Terra, libertà, senza confine: non si tratta di un orizzonte romantico e
idealista ma dell'utopia per cui vale la pena restare in piedi. Un'utopia
fatta di pace, di diritti condivisi, di popoli e uomini e donne liberi di
scegliere della propria esistenza e del proprio futuro. Un vero e proprio
orizzonte politico a cui l'immiserimento di questo termine a volte ci ha
disabituato, ma anche una concezione razionale del mondo, di come è, di come
potrebbe essere, di quali siano i meccanismi che ne impediscono il
mutamento. Forse perché oltre che parlare, scrivere, lottare, è necessario
amare profondamente le persone e le cause per cui si agisce. Forse perché la
vera politica, quella capace di mutare lo stato di cose esistenti, deve
mantenere al suo interno questo nervo scoperto e totalizzante.

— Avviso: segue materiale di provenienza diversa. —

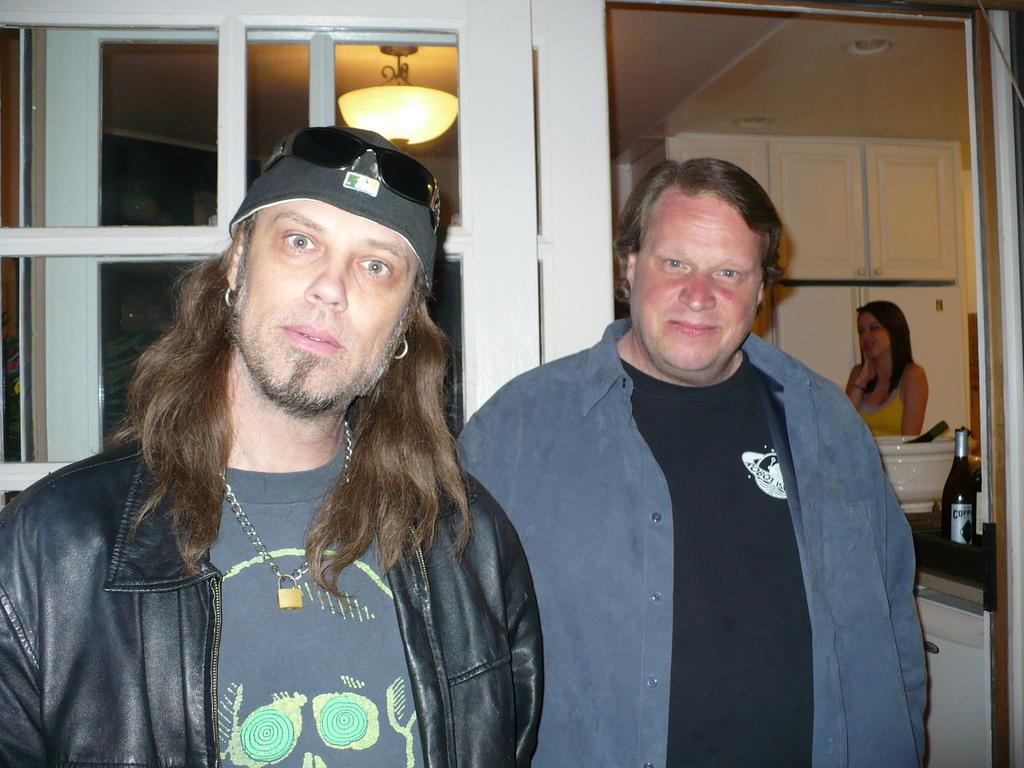How many people are in the image? There are two persons in the image. What are the persons wearing? The persons are wearing clothes. What object can be seen on the right side of the image? There is a bottle on the right side of the image. What is the source of light in the image? There is a light at the top of the image. Can you see any bats flying around in the image? There are no bats visible in the image. How many ladybugs are crawling on the persons' clothes in the image? There are no ladybugs present in the image. 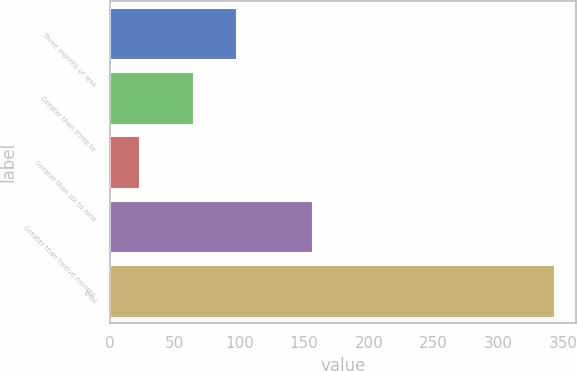Convert chart to OTSL. <chart><loc_0><loc_0><loc_500><loc_500><bar_chart><fcel>Three months or less<fcel>Greater than three to<fcel>Greater than six to nine<fcel>Greater than twelve months<fcel>Total<nl><fcel>97<fcel>64<fcel>22<fcel>156<fcel>343<nl></chart> 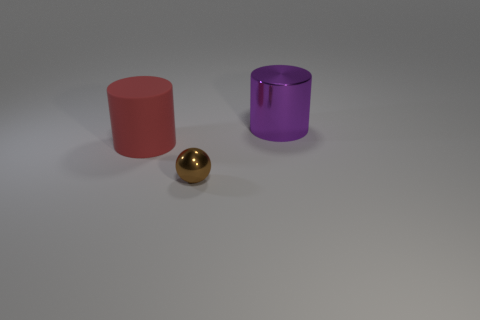Add 1 gray cylinders. How many objects exist? 4 Subtract all spheres. How many objects are left? 2 Add 2 blue rubber balls. How many blue rubber balls exist? 2 Subtract 0 red cubes. How many objects are left? 3 Subtract all tiny yellow things. Subtract all purple metal cylinders. How many objects are left? 2 Add 3 large rubber cylinders. How many large rubber cylinders are left? 4 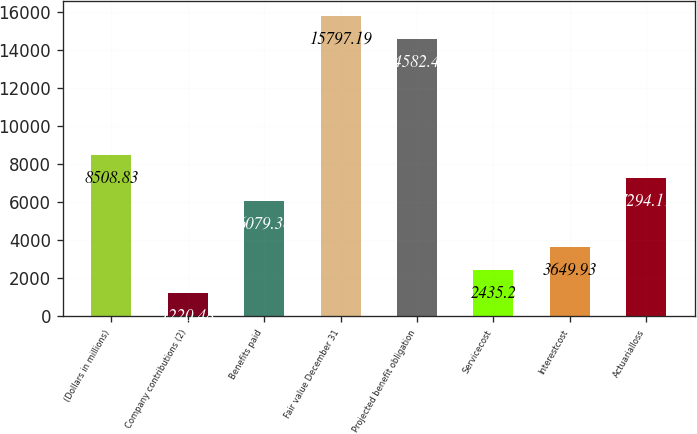Convert chart to OTSL. <chart><loc_0><loc_0><loc_500><loc_500><bar_chart><fcel>(Dollars in millions)<fcel>Company contributions (2)<fcel>Benefits paid<fcel>Fair value December 31<fcel>Projected benefit obligation<fcel>Servicecost<fcel>Interestcost<fcel>Actuarialloss<nl><fcel>8508.83<fcel>1220.48<fcel>6079.38<fcel>15797.2<fcel>14582.5<fcel>2435.2<fcel>3649.93<fcel>7294.11<nl></chart> 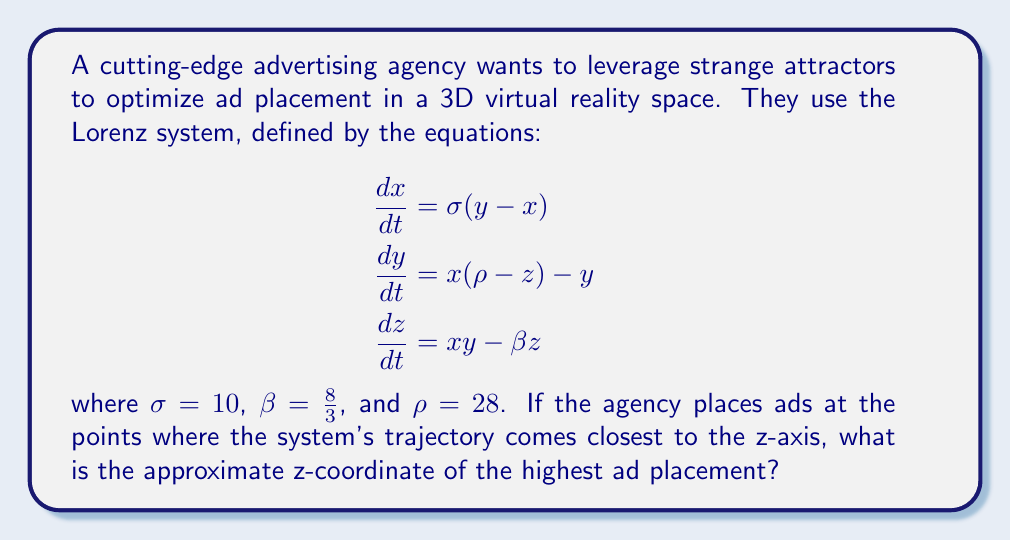What is the answer to this math problem? To solve this problem, we need to understand the behavior of the Lorenz attractor and identify its key features:

1. The Lorenz system with the given parameters produces a strange attractor known as the Lorenz attractor.

2. The attractor has a distinctive butterfly-like shape with two lobes.

3. The points where the trajectory comes closest to the z-axis are near the centers of these lobes.

4. To find the highest ad placement, we need to determine the z-coordinate of the upper lobe's center.

5. The z-coordinates of the lobe centers can be approximated using the following formula:

   $$z = \pm \sqrt{\beta(\rho - 1)}$$

6. Substituting the given values:
   
   $$z = \pm \sqrt{\frac{8}{3}(28 - 1)} = \pm \sqrt{\frac{8}{3} \cdot 27} = \pm \sqrt{72} = \pm 6\sqrt{2}$$

7. The positive value represents the upper lobe's center, which is where the highest ad would be placed.

8. $6\sqrt{2} \approx 8.49$

Therefore, the approximate z-coordinate of the highest ad placement is 8.49.
Answer: 8.49 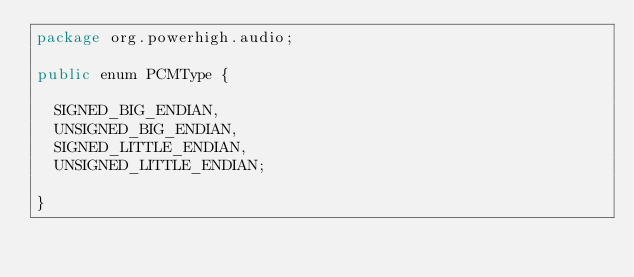Convert code to text. <code><loc_0><loc_0><loc_500><loc_500><_Java_>package org.powerhigh.audio;

public enum PCMType {

	SIGNED_BIG_ENDIAN,
	UNSIGNED_BIG_ENDIAN,
	SIGNED_LITTLE_ENDIAN,
	UNSIGNED_LITTLE_ENDIAN;
	
}
</code> 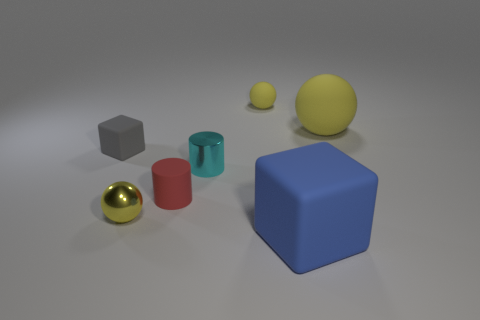What number of small cyan cylinders are left of the small gray block?
Your answer should be very brief. 0. Is there a small red cube made of the same material as the cyan cylinder?
Ensure brevity in your answer.  No. The big matte thing that is the same color as the tiny metal sphere is what shape?
Offer a very short reply. Sphere. There is a matte cylinder that is right of the small yellow metallic sphere; what color is it?
Offer a terse response. Red. Are there the same number of small cyan metallic cylinders in front of the blue object and yellow matte spheres that are on the left side of the tiny yellow metallic object?
Offer a terse response. Yes. There is a ball to the right of the yellow thing that is behind the big yellow matte object; what is its material?
Keep it short and to the point. Rubber. How many things are matte cylinders or yellow spheres on the right side of the tiny matte cylinder?
Give a very brief answer. 3. There is a gray block that is made of the same material as the small red object; what is its size?
Ensure brevity in your answer.  Small. Are there more blue things that are in front of the blue matte object than large gray rubber cylinders?
Give a very brief answer. No. There is a object that is left of the rubber cylinder and right of the small gray rubber cube; what is its size?
Ensure brevity in your answer.  Small. 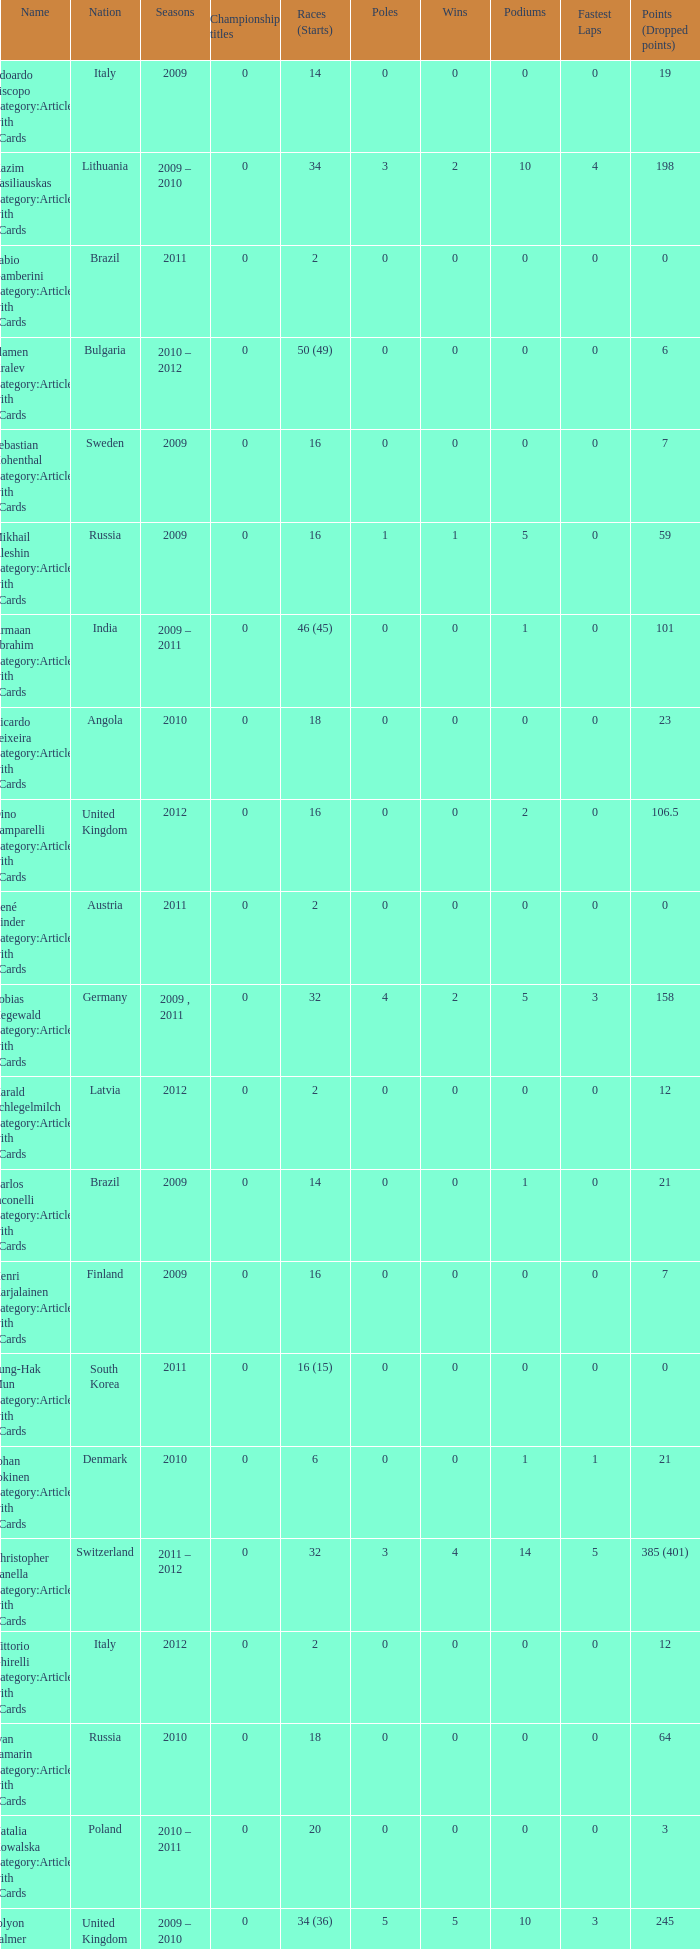When did they win 7 races? 2009.0.

Al ritmo della tastiera arrivano telefonate, messaggi e mail: autorità e
compagne e compagni di strada del passato e del presente. Affiorano ricordi,
più spesso si cade nei silenzi pieni di domande e un dolore feroce passa
attraverso i fili. E piano piano ci si rende conto di come il suo lavoro
abbia sedimentato. Non si tratta di una interpretazione consolatrice, di cui
pure abbiamo bisogno, quanto del percepire una sensazione che forse a Dino
sarebbe piaciuta. Se a Dino Frisullo verrà dedicato il programma di
iniziative che il Comune di Roma ha definito. D'intesa con il tavolo
cittadino per i rifugiati e richiedenti asilo, come ha affermato l'Assessore
alle Politiche Sociali, Raffaella Milano, se da tutto il paese uomini e
donne conservano il ricordo anche flebile di una sua presenza, ciò non è
ascrivibile all'inevitabile retorica che segue ogni morte collettivamente
significativa. Forse significa che una parte viva e dolente del nostro mondo
riesce, anche nel dolore, a riconoscersi, ad avere voglia di stringersi e
farsi forza, perché non si rassegna.

Le impronte lasciate non vanno abbandonate, i tanti dannati per cui Dino si
è battuto non debbono sentirsi lasciati soli. Se oggi, a partire dalle 17,
nell'aula messa a disposizione dalla terza Università, di Roma, in Piazza
Giustiniani, alla fine di via Galvani (ex-Mattatoio), fino a domani
pomeriggio, saranno in tante e in tanti ad andarlo a salutare è perché,
della strada che Dino ha percorso, faranno, faremo, sempre parte.